There’s no way Barack Obama would have appeared on Fox Wednesday night in a sit-down interview with Bret Baier had not the President’s health care bill been in serious trouble. Things must be really bad, even with all the legislative legerdemain being cooked up by Pelosi and company. The interview itself was testy with Baer doing relatively well, I thought. Nevertheless, the President was able to filibuster away from answering most of the questions. But whoever “won,” I doubt it changed many minds at this point; everybody’s already so disgusted with the process. (I was amused by the competition between Baer and Obama over the number of emails they received. When Baer claimed 18000 for Fox, Obama felt he had to best him with 40000 a day to the White House.)
When you think over the last year, it’s clear Obama has some of the most inept advisers in recent presidential history.
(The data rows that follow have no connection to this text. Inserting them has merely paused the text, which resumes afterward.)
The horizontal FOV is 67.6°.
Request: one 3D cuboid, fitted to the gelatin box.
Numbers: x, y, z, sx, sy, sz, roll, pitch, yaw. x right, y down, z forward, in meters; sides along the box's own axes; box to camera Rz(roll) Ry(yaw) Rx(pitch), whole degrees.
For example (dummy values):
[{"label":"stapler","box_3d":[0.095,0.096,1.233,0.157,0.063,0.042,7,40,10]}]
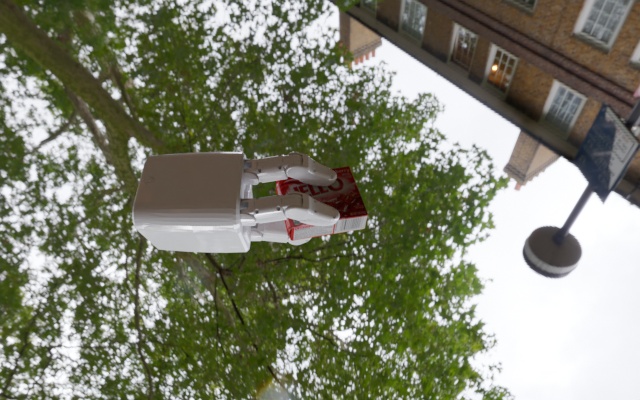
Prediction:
[{"label":"gelatin box","box_3d":[0.000,0.002,0.535,0.089,0.073,0.030,-8,-37,-13]}]

Allowing him to risk his entire presidency on a global overhaul of health care – when an incremental overhaul could have been had simply for the asking – seems absurd politics, win or lose. It also isn’t worth that much in the grand scheme of things – other than the obvious, increasing the amount of the economy under government control. The nostalgia for marxism inherent in it all this almost pathetic. Don’t these people live in the real world?
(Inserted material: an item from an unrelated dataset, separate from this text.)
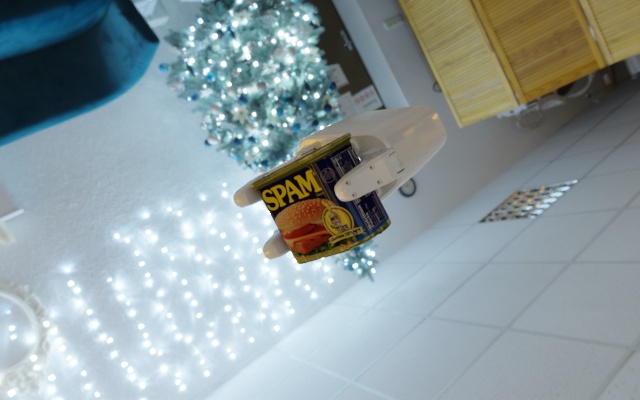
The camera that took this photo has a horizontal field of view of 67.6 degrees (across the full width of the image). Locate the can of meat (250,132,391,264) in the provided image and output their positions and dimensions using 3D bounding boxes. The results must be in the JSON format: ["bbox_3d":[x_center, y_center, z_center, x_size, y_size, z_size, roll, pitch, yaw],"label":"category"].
[{"bbox_3d":[0.000,0.002,0.413,0.102,0.084,0.057,-22,10,44],"label":"can of meat"}]

And yet we have had virtually nothing but health care for the last twelve months. When Obama pops up to in the foreign policy sphere, you’re surprised to see him there. What does Iran have to do with health care? (Well, there’s nuclear fallout. That’s a health issue.) His reply on Iran at the end of Baer’s interview seemed almost perfunctory. He insisted he was wrangling other countries in opposition to the mullahs’ nukes. But we know it’s not true. He’s not really interested in that. What keeps Obama up at night is the House health care vote, member by member by member by member. Heaven help us.